[Data items]
###

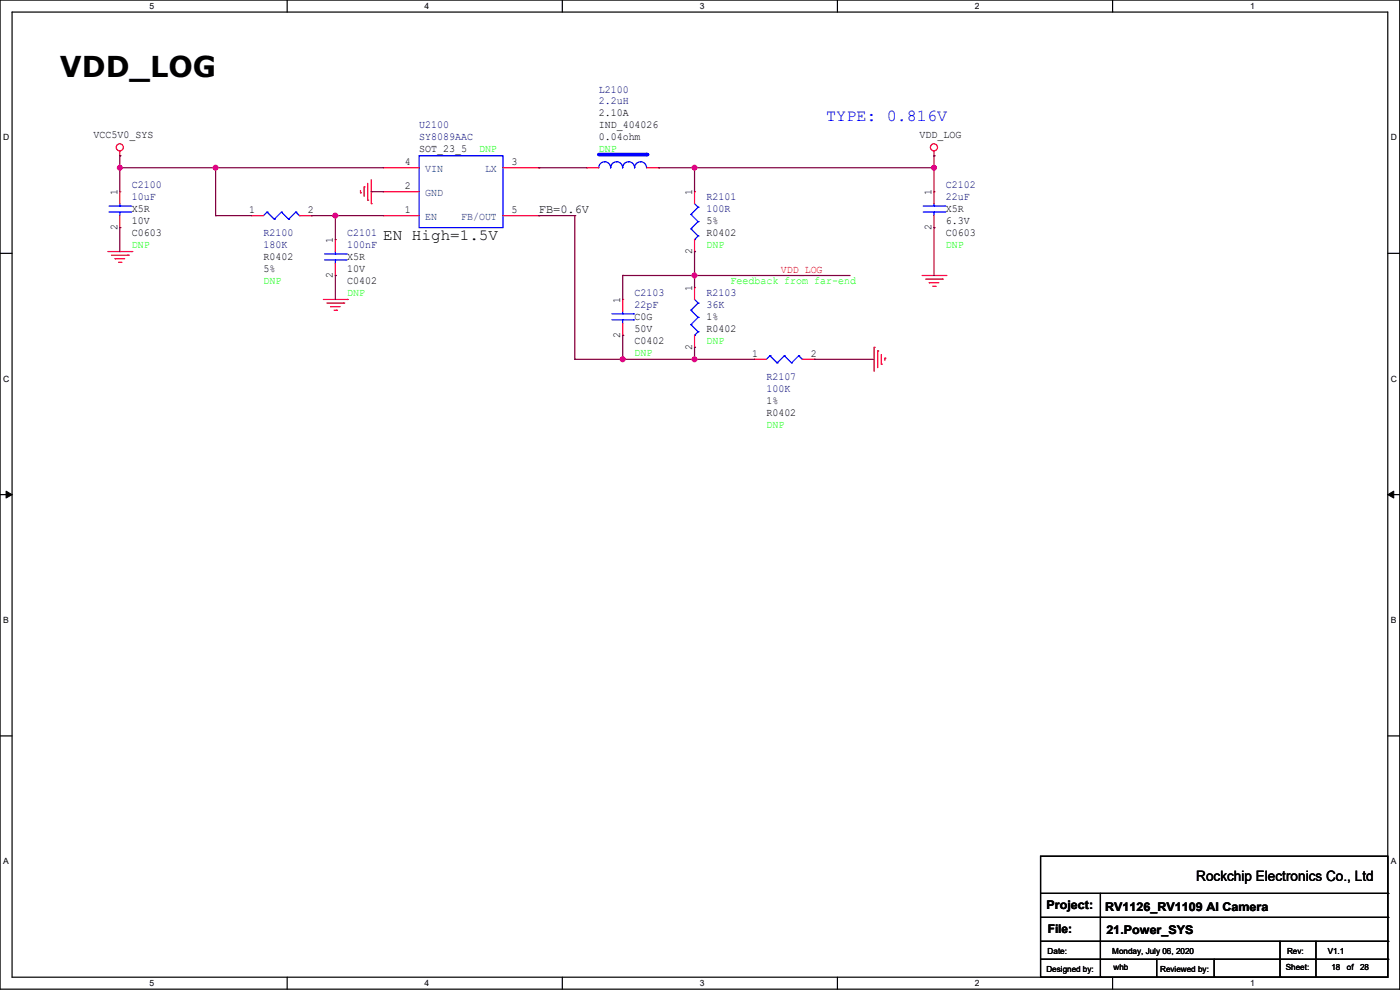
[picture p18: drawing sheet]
<svg xmlns="http://www.w3.org/2000/svg" width="297mm" height="210mm" viewBox="0 0 297 210" stroke-linecap="round" stroke-linejoin="round" font-family="sans-serif">
<defs><g id="words">
<text font-size="6.1" x="12.7" y="16.3">VDD_LOG</text>
<text font-size="3.6" fill="#00f" x="175.3" y="25.7">TYPE: 0.816V</text>
<text font-size="3.3" x="81.3" y="50.9">EN High=1.5V</text>
<text font-size="3" x="253.8" y="186.9">Rockchip Electronics Co., Ltd</text>
<g font-size="2.5">
<text x="114.3" y="45.2">FB=0.6V</text>
<text x="222" y="192.9">Project:</text>
<text x="222.3" y="198">File:</text>
<text x="234.5" y="193.1">RV1126_RV1109 AI Camera</text>
<text x="234.7" y="198.2">21.Power_SYS</text>
</g>
<g font-size="2.3" fill="#000080">
<text x="127" y="19.6">L2100</text>
<text x="127" y="22.2">2.2uH</text>
<text x="88.9" y="27.2">U2100</text>
<text x="88.9" y="29.8">SY8089AAC</text>
<text x="28" y="39.9">C2100</text>
<text x="200.7" y="39.9">C2102</text>
<text x="28" y="42.5">10uF</text>
<text x="149.9" y="42.5">R2101</text>
<text x="149.9" y="45">100R</text>
<text x="200.7" y="42.5">22uF</text>
<text x="55.9" y="50.1">R2100</text>
<text x="55.9" y="52.6">180K</text>
<text x="73.7" y="50.1">C2101</text>
<text x="73.7" y="52.6">100nF</text>
<text x="134.6" y="62.8">C2103</text>
<text x="134.6" y="65.3">22pF</text>
<text x="149.9" y="62.8">R2103</text>
<text x="149.9" y="65.3">36K</text>
<text x="162.6" y="80.6">R2107</text>
<text x="162.6" y="83.1">100K</text>
</g>
<g font-size="2.3">
<text x="19.8" y="29.3">VCC5V0_SYS</text>
<text x="127" y="27.2">IND_404026</text>
<text x="127" y="24.7">2.10A</text>
<text x="127" y="29.8">0.04ohm</text>
<text x="195.1" y="29.3">VDD_LOG</text>
<text x="85.9" y="35.1">4</text>
<text x="88.9" y="32.3">SOT_23_5</text>
<text x="108.5" y="35.1">3</text>
<text x="24.9" y="41.4" transform="rotate(-90 24.9 41.4)">1</text>
<text x="85.9" y="40.1">2</text>
<text x="146.8" y="41.4" transform="rotate(-90 146.8 41.4)">1</text>
<text x="197.6" y="41.4" transform="rotate(-90 197.6 41.4)">1</text>
<text x="28" y="45">X5R</text>
<text x="28" y="47.6">10V</text>
<text x="52.9" y="45.2">1</text>
<text x="65.3" y="45.2">2</text>
<text x="85.9" y="45.2">1</text>
<text x="108.5" y="45.2">5</text>
<text x="149.9" y="47.6">5%</text>
<text x="200.7" y="45">X5R</text>
<text x="200.7" y="47.6">6.3V</text>
<text x="24.9" y="48.8" transform="rotate(-90 24.9 48.8)">2</text>
<text x="28" y="50.1">C0603</text>
<text x="70.6" y="51.6" transform="rotate(-90 70.6 51.6)">1</text>
<text x="146.8" y="53.9" transform="rotate(-90 146.8 53.9)">2</text>
<text x="149.9" y="50.1">R0402</text>
<text x="197.6" y="48.8" transform="rotate(-90 197.6 48.8)">2</text>
<text x="200.7" y="50.1">C0603</text>
<text x="55.9" y="55.2">R0402</text>
<text x="55.9" y="57.7">5%</text>
<text x="70.6" y="59" transform="rotate(-90 70.6 59)">2</text>
<text x="73.7" y="55.2">X5R</text>
<text x="73.7" y="57.7">10V</text>
<text x="73.7" y="60.3">C0402</text>
<text x="131.6" y="64.3" transform="rotate(-90 131.6 64.3)">1</text>
<text x="146.8" y="61.7" transform="rotate(-90 146.8 61.7)">1</text>
<text x="131.6" y="71.7" transform="rotate(-90 131.6 71.7)">2</text>
<text x="134.6" y="67.9">C0G</text>
<text x="134.6" y="70.4">50V</text>
<text x="149.9" y="70.4">R0402</text>
<text x="149.9" y="67.9">1%</text>
<text x="134.6" y="73">C0402</text>
<text x="146.8" y="74.2" transform="rotate(-90 146.8 74.2)">2</text>
<text x="159.5" y="75.7">1</text>
<text x="172" y="75.7">2</text>
<text x="162.6" y="88.2">R0402</text>
<text x="162.6" y="85.7">1%</text>
</g>
<g font-size="2.3" fill="#0f0">
<text x="101.6" y="32.3">DNP</text>
<text x="127" y="32.3">DNP</text>
<text x="28" y="52.6">DNP</text>
<text x="149.9" y="52.6">DNP</text>
<text x="200.7" y="52.6">DNP</text>
<text x="55.9" y="60.3">DNP</text>
<text x="73.7" y="62.8">DNP</text>
<text x="155" y="60.3">Feedback from far-end</text>
<text x="134.6" y="75.5">DNP</text>
<text x="149.9" y="73">DNP</text>
<text x="162.6" y="90.7">DNP</text>
</g>
<g font-size="2.3" fill="#004080">
<text x="90.2" y="41.6">GND</text>
<text x="90.2" y="36.5">VIN</text>
<text x="102.9" y="36.5">LX</text>
<text x="90.2" y="46.7">EN</text>
<text x="97.8" y="46.7">FB/OUT</text>
</g>
<text font-size="2.3" fill="#f00" x="165.6" y="57.8">VDD_LOG</text>
<g font-size="1.8">
<text x="31.7" y="1.9">5</text>
<text x="90.1" y="1.9">4</text>
<text x="148.5" y="1.9">3</text>
<text x="206.8" y="1.9">2</text>
<text x="265.2" y="1.9">1</text>
<text x=".7" y="29.8">D</text>
<text x="295.1" y="29.8">D</text>
<text x=".7" y="81">C</text>
<text x="295.1" y="81">C</text>
<text x=".7" y="132.1">B</text>
<text x="295.1" y="132.1">B</text>
<text x=".7" y="183.3">A</text>
<text x="295.1" y="183.3">A</text>
<text x="222.3" y="202.3">Date:</text>
<text x="236" y="202.3">Monday, July 06, 2020</text>
<text x="273" y="202.3">Rev:</text>
<text x="281.7" y="202.3">V1.1</text>
<text x="31.7" y="209.2">5</text>
<text x="90.1" y="209.2">4</text>
<text x="148.5" y="209.2">3</text>
<text x="206.8" y="209.2">2</text>
<text x="222" y="206.1">Designed by:</text>
<text x="236.2" y="205.8">whb</text>
<text x="246.1" y="206.1">Reviewed by:</text>
<text x="265.2" y="209.2">1</text>
<text x="272.8" y="205.8">Sheet:</text>
<text x="282.4" y="205.8">18</text>
<text x="285.7" y="205.8">of</text>
<text x="288.5" y="205.8">28</text>
</g>
</g></defs>
<path d="M0 0h296.9v209.8h-296.9zM2.6 2.6h291.8v204.7h-291.8z" fill="none" stroke="#000" stroke-width=".25"/>
<g fill="#fff">
<path d="M31.7 .3h1v2h-1z"/>
<path d="M31.7 207.5h1v2.1h-1z"/>
</g>
<path d="M60.9 0v2.6M60.9 207.3v2.5" fill="none" stroke="#000" stroke-width=".25"/>
<g fill="#fff">
<path d="M90.1 .3h1v2h-1z"/>
<path d="M90.1 207.5h1v2.1h-1z"/>
</g>
<path d="M119.3 0v2.6M119.3 207.3v2.5" fill="none" stroke="#000" stroke-width=".25"/>
<g fill="#fff">
<path d="M148.5 .3h1v2h-1z"/>
<path d="M148.5 207.5h1v2.1h-1z"/>
</g>
<path d="M177.7 0v2.6M177.7 207.3v2.5" fill="none" stroke="#000" stroke-width=".25"/>
<g fill="#fff">
<path d="M206.8 .3h1v2h-1z"/>
<path d="M206.8 207.5h1v2.1h-1z"/>
</g>
<path d="M236 0v2.6M236 207.3v2.5" fill="none" stroke="#000" stroke-width=".25"/>
<g fill="#fff">
<path d="M265.2 .3h1v2h-1z"/>
<path d="M265.2 207.5h1v2.1h-1z"/>
<path d="M.7 28.2h1.2v2h-1.2z"/>
<path d="M295 28.2h1.3v2h-1.3z"/>
<path d="M.7 79.3h1.2v2.1h-1.2z"/>
<path d="M295 79.3h1.3v2.1h-1.3z"/>
</g>
<path d="M0 53.7h2.6M294.4 53.7h2.5" fill="none" stroke="#000" stroke-width=".25"/>
<g fill="#fff">
<path d="M.7 130.5h1.2v2h-1.2z"/>
<path d="M295 130.5h1.2v2h-1.2z"/>
</g>
<path d="M0 104.9h2.6M294.4 104.9h2.5" fill="none" stroke="#000" stroke-width=".25"/>
<path d="M1.3 104.2l1.3 .7-1.3 .7zM294.4 104.9l1.3-.7v1.4z" fill="#000" stroke="#000" stroke-width=".21"/>
<g fill="#fff">
<path d="M.7 181.7h1.2v2h-1.2z"/>
<path d="M295 181.7h1.2v2h-1.2z"/>
</g>
<g fill="none" stroke="#000" stroke-width=".25">
<path d="M0 156.1h2.6M294.4 156.1h2.5M220.7 181.6h73.7v25.7h-73.7zM220.7 189.5h73.7M220.7 194.6h73.7M220.7 199.7h73.7M233.4 189.5v17.8M271.5 199.7v7.6M279.2 199.7v7.6M294.4 189.5h.1M294.4 194.6h.1M294.4 199.7h.1"/>
<path d="M220.7 203.5h73.7M233.4 207.3h.1M245.4 207.3h.1M245.4 203.5v3.8M257.6 207.3h.1M257.6 203.5v3.8M271.5 207.3h.1M279.2 207.3h.1M294.4 203.5h.1"/>
</g>
<g fill="none" stroke="#f00" stroke-width=".25">
<path d="M25.4 33h.1M25.4 32v1M77.2 39.6h.1M77.2 39.6v2.1M78 38.9v3.5M78.8 38.1v5.1M198.1 33h.1M198.1 32v1M22.9 53.4h5.1M23.6 54.1h3.6M24.4 54.9h.1M24.4 54.9h2"/>
<path d="M25.2 55.6h.5M25.4 40.7h.1M25.4 48.3h.1M25.4 40.7v2.5M25.4 45.7v2.6M25.7 55.6h.1M27.2 54.1h.1M28 53.4h.1M76.5 40.9h.1M76.5 40.4v.5M78 42.4h.1M78.8 43.2h.1"/>
<path d="M195.6 58.4h5.1M196.4 59.2h3.5M197.1 60h.1M197.1 60h2.1M199.9 59.2h.1M200.7 58.4h.1M68.6 63.5h5.1M69.4 64.3h3.5M70.1 65h.1M70.1 65h2.1M70.9 65.8h.5M71.4 65.8h.1"/>
<path d="M72.9 64.3h.1M73.7 63.5h.1M185.4 73.7h.1M185.4 73.7v5.1M186.2 74.4h.1M186.2 74.4v3.6M187 77.2h.1M187 75.2v2M187.7 76h.1M187.7 76v.5M197.9 60.7h.5M198.4 60.7h.1"/>
<circle cx="25.4" cy="31.3" r=".75"/>
<circle cx="198.1" cy="31.3" r=".75"/>
</g>
<path d="M127 35.6a1.26 1.26 0 0 1 1.3-1.3 1.26 1.26 0 0 1 1.2 1.3h.1a1.26 1.26 0 0 1 1.2-1.3 1.26 1.26 0 0 1 1.3 1.3M132.1 35.6a1.26 1.26 0 0 1 1.3-1.3 1.26 1.26 0 0 1 1.2 1.3M134.6 35.6a1.26 1.26 0 0 1 1.3-1.3 1.26 1.26 0 0 1 1.3 1.3M23.1 45h4.6M23.1 43.7h4.6M25.4 43.7h.1M25.4 45h.1M25.4 43.2v.5M25.4 45v.7M27.7 45h.1M27.7 43.7h.1" fill="none" stroke="#00f" stroke-width=".25"/>
<path d="M127 32.8h10.2" fill="none" stroke="#00f" stroke-width=".76"/>
<circle cx="137.2" cy="32.8" r=".38" fill="#00f"/>
<g fill="none" stroke="#f00" stroke-width=".25">
<path d="M81.3 35.6h.1M81.3 35.6h7.6M106.7 35.6h7.6M114.3 35.6h.1M124.5 35.6h.1M124.5 35.6h2.5M137.2 35.6h2.5M139.7 35.6h.1M53.4 45.7h.1M53.4 45.7h2.5M63.5 45.7h2.6M66.1 45.7h.1"/>
<path d="M71.1 50.8h.1M71.1 58.4h.1M71.1 50.8v2.6M71.1 55.9v2.5M81.3 45.7h.1M81.3 40.7h.1M81.3 45.7h7.6M81.3 40.7h7.6M106.7 45.7h7.6M114.3 45.7h.1M147.3 40.7h.1M147.3 53.4h.1"/>
<path d="M147.3 40.7v2.5M147.3 50.8v2.6M198.1 40.7h.1M198.1 48.3h.1M198.1 40.7v2.5M198.1 45.7v2.6M132.1 63.5h.1M132.1 71.1h.1M132.1 63.5v2.6M132.1 68.6v2.5M147.3 61h.1M147.3 73.7h.1"/>
<path d="M147.3 61v2.5M147.3 71.1v2.6M160 76.2h.1M160 76.2h2.6M170.2 76.2h2.5M172.7 76.2h.1"/>
</g>
<g fill="none" stroke="#00f" stroke-width=".25">
<path d="M88.9 33h17.8v15.3h-17.8zM56.7 45h.1M56.7 45l-.8 .7M56.7 45l1.5 1.5M58.2 46.5h.1M59.7 45h.1M59.7 45l-1.5 1.5M59.7 45l1.5 1.5M61.2 46.5h.1M62.8 45h.1M62.8 45l-1.6 1.5M62.8 45l.7 .7"/>
<path d="M63.5 45.7h.1M68.9 55.1h4.5M68.9 53.9h4.5M71.1 53.9h.1M71.1 55.1h.1M71.1 53.4v.5M71.1 55.1v.8M73.4 55.1h.1M73.4 53.9h.1M146.6 45.5h.1M146.6 48.5h.1M146.6 45.5l1.5 1.5"/>
<path d="M146.6 48.5l1.5 1.6M147.3 50.8h.1M147.3 43.2l.8 .8M148.1 44h.1M148.1 47h.1M148.1 50.1h.1M148.1 44l-1.5 1.5M148.1 47l-1.5 1.5M148.1 50.1l-.8 .7M195.9 45h4.5M195.9 43.7h4.5M198.1 43.7h.1"/>
<path d="M198.1 45h.1M198.1 43.2v.5M198.1 45v.7M200.4 45h.1M200.4 43.7h.1M129.8 67.8h4.6M129.8 66.6h4.6M132.1 66.6h.1M132.1 67.8h.1M132.1 66.1v.5M132.1 67.8v.8M134.4 67.8h.1"/>
<path d="M134.4 66.6h.1M146.6 65.8h.1M146.6 68.9h.1M146.6 65.8l1.5 1.5M146.6 68.9l1.5 1.5M147.3 71.1h.1M147.3 63.5l.8 .8M148.1 64.3h.1M148.1 67.3h.1M148.1 70.4h.1M148.1 64.3l-1.5 1.5M148.1 67.3l-1.5 1.6"/>
<path d="M148.1 70.4l-.8 .7M163.3 75.5h.1M163.3 75.5l-.7 .7M163.3 75.5l1.6 1.5M164.9 77h.1M166.4 75.5h.1M166.4 75.5l-1.5 1.5M166.4 75.5l1.5 1.5M167.9 77h.1M169.4 75.5h.1M169.4 75.5l-1.5 1.5M169.4 75.5l.8 .7"/>
<path d="M170.2 76.2h.1"/>
</g>
<g fill="none" stroke="#800040" stroke-width=".25">
<path d="M25.4 35.6h.1M25.4 33h.1M25.4 35.6h55.9M25.4 33v7.7M45.7 35.6h.1M45.7 35.6v10.1M114.3 35.6h.1M114.3 35.6h10.2M139.7 35.6h.1M139.7 35.6h58.4M147.3 35.6h.1M147.3 35.6v5.1"/>
<path d="M198.1 35.6h.1M198.1 33h.1M198.1 33v7.7M25.4 48.3h.1M25.4 48.3v5.1M45.7 45.7h.1M45.7 45.7h7.7M66.1 45.7h.1M66.1 45.7h15.2M71.1 45.7h.1M71.1 58.4h.1M71.1 45.7v5.1"/>
<path d="M71.1 58.4v5.1M78.8 40.7h.1M78.8 40.7h2.5M114.3 45.7h.1M114.3 45.7h7.6M121.9 45.7h.1M121.9 45.7v30.5M132.1 58.4h.1M132.1 58.4v5.1M132.1 58.4h48.3M147.3 58.4h.1M147.3 53.4h.1"/>
<path d="M147.3 53.4v7.6M198.1 48.3h.1M198.1 48.3v10.1M121.9 76.2h.1M121.9 76.2h38.1M132.1 76.2h.1M132.1 71.1h.1M132.1 71.1v5.1M147.3 73.7h.1M147.3 76.2h.1M147.3 73.7v2.5M172.7 76.2h.1"/>
<path d="M172.7 76.2h12.7"/>
</g>
<g fill="#f0f" stroke="#f0f" stroke-width=".25">
<circle cx="25.4" cy="35.6" r=".5"/>
<circle cx="147.3" cy="35.6" r=".5"/>
<circle cx="198.1" cy="35.6" r=".5"/>
<circle cx="132.1" cy="76.2" r=".5"/>
<circle cx="147.3" cy="58.4" r=".5"/>
<circle cx="147.3" cy="76.2" r=".5"/>
<circle cx="45.7" cy="35.6" r=".5"/>
<circle cx="71.1" cy="45.7" r=".5"/>
</g>
<use href="#words"/>
</svg>

###

> **TASK GOAL**
Whenever a line includes the word "circle", pull it out of the entries.

> **WRITTEN ANSWER**
<circle cx="25.4" cy="31.3" r=".75"/>
<circle cx="198.1" cy="31.3" r=".75"/>
<circle cx="137.2" cy="32.8" r=".38" fill="#00f"/>
<circle cx="25.4" cy="35.6" r=".5"/>
<circle cx="147.3" cy="35.6" r=".5"/>
<circle cx="198.1" cy="35.6" r=".5"/>
<circle cx="132.1" cy="76.2" r=".5"/>
<circle cx="147.3" cy="58.4" r=".5"/>
<circle cx="147.3" cy="76.2" r=".5"/>
<circle cx="45.7" cy="35.6" r=".5"/>
<circle cx="71.1" cy="45.7" r=".5"/>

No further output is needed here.